(Beginning of DATASET)

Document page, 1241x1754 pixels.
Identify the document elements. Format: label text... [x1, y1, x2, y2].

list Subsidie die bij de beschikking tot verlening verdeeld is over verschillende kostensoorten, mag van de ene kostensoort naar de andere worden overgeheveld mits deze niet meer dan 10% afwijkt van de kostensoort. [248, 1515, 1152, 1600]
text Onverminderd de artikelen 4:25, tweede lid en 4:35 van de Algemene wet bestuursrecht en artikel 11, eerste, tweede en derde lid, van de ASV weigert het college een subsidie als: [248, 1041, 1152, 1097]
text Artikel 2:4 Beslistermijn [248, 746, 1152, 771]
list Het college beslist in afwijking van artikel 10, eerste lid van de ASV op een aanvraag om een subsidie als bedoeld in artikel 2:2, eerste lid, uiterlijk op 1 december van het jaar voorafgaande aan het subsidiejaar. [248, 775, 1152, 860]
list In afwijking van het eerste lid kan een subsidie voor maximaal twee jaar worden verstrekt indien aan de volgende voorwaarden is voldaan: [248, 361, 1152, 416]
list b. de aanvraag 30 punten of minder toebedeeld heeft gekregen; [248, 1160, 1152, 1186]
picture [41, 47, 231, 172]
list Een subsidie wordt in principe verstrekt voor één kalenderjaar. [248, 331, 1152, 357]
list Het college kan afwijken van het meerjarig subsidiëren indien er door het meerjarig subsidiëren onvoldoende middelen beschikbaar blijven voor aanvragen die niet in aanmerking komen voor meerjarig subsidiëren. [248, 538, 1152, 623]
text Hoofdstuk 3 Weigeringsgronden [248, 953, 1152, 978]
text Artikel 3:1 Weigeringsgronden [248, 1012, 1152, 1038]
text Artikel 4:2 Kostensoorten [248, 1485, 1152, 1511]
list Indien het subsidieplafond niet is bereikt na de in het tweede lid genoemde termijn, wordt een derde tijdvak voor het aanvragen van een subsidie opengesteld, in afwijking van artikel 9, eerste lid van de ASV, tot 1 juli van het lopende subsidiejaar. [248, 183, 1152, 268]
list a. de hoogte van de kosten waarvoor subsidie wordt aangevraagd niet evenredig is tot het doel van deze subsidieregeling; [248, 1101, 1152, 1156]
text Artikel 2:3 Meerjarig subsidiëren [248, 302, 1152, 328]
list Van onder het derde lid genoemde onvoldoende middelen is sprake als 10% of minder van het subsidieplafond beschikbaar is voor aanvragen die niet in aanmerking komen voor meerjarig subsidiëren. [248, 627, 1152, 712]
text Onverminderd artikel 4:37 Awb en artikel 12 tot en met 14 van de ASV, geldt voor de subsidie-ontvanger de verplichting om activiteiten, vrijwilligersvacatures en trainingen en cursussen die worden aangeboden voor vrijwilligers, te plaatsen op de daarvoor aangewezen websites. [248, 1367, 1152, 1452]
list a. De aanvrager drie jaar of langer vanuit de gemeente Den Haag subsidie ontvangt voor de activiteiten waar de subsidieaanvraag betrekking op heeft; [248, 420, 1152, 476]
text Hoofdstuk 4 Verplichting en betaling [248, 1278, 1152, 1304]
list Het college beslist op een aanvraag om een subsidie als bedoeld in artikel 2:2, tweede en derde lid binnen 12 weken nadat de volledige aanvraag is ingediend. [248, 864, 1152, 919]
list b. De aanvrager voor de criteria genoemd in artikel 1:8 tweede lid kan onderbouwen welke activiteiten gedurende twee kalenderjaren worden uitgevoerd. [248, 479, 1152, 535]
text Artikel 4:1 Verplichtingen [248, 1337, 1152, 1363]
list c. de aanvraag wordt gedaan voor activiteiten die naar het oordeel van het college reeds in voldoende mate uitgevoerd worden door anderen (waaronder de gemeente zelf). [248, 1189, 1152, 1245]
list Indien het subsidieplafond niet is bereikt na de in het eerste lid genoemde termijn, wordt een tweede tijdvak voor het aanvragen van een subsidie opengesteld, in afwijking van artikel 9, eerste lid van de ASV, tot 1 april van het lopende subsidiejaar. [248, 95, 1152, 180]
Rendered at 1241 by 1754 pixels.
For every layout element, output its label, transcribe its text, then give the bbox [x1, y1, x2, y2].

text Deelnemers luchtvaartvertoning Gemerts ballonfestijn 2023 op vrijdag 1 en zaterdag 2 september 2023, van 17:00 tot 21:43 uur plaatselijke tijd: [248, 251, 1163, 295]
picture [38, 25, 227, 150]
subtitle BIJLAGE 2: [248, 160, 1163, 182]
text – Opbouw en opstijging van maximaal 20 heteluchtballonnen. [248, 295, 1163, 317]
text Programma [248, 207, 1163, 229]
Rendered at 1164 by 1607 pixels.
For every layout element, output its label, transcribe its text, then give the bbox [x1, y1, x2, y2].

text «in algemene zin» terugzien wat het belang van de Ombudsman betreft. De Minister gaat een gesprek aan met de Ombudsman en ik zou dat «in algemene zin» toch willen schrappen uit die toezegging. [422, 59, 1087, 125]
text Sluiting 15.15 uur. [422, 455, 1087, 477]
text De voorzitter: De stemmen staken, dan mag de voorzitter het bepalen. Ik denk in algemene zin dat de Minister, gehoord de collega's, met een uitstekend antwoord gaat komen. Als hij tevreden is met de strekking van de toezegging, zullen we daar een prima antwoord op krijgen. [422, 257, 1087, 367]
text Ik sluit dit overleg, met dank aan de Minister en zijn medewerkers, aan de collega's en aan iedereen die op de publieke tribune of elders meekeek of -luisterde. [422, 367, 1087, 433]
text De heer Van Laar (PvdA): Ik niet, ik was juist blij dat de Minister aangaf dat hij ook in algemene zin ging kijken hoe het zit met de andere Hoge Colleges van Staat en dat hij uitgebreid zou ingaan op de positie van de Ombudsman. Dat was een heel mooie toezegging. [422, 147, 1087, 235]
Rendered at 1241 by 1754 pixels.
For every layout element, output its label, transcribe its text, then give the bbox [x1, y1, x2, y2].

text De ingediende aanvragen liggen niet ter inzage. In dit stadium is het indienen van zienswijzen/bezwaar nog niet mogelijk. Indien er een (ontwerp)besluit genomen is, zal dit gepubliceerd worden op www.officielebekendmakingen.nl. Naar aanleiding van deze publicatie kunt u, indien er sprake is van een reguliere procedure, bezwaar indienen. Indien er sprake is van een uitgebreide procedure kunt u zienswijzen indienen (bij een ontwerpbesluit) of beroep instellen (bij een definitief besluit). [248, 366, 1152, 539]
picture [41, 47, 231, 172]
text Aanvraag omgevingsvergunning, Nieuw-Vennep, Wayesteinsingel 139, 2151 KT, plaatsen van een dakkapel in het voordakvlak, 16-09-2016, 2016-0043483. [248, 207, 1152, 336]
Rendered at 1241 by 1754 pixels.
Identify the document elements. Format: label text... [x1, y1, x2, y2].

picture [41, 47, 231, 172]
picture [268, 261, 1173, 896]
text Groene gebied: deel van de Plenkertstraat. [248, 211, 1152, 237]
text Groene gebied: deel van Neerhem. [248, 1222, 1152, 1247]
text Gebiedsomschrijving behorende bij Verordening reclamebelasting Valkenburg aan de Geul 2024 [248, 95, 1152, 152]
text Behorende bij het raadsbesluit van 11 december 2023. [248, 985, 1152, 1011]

(End of DATASET)

-- PROBLEM STATEMENT --
Exactly the lines from the one containing "text Aanvraag omgevingsvergunning, Nieuw-Vennep, Wayesteinsingel" through the end of the records above are to be printed, and no others.

-- RESPONSE --
text Aanvraag omgevingsvergunning, Nieuw-Vennep, Wayesteinsingel 139, 2151 KT, plaatsen van een dakkapel in het voordakvlak, 16-09-2016, 2016-0043483. [248, 207, 1152, 336]
Rendered at 1241 by 1754 pixels.
Identify the document elements. Format: label text... [x1, y1, x2, y2].

picture [41, 47, 231, 172]
picture [268, 261, 1173, 896]
text Groene gebied: deel van de Plenkertstraat. [248, 211, 1152, 237]
text Groene gebied: deel van Neerhem. [248, 1222, 1152, 1247]
text Gebiedsomschrijving behorende bij Verordening reclamebelasting Valkenburg aan de Geul 2024 [248, 95, 1152, 152]
text Behorende bij het raadsbesluit van 11 december 2023. [248, 985, 1152, 1011]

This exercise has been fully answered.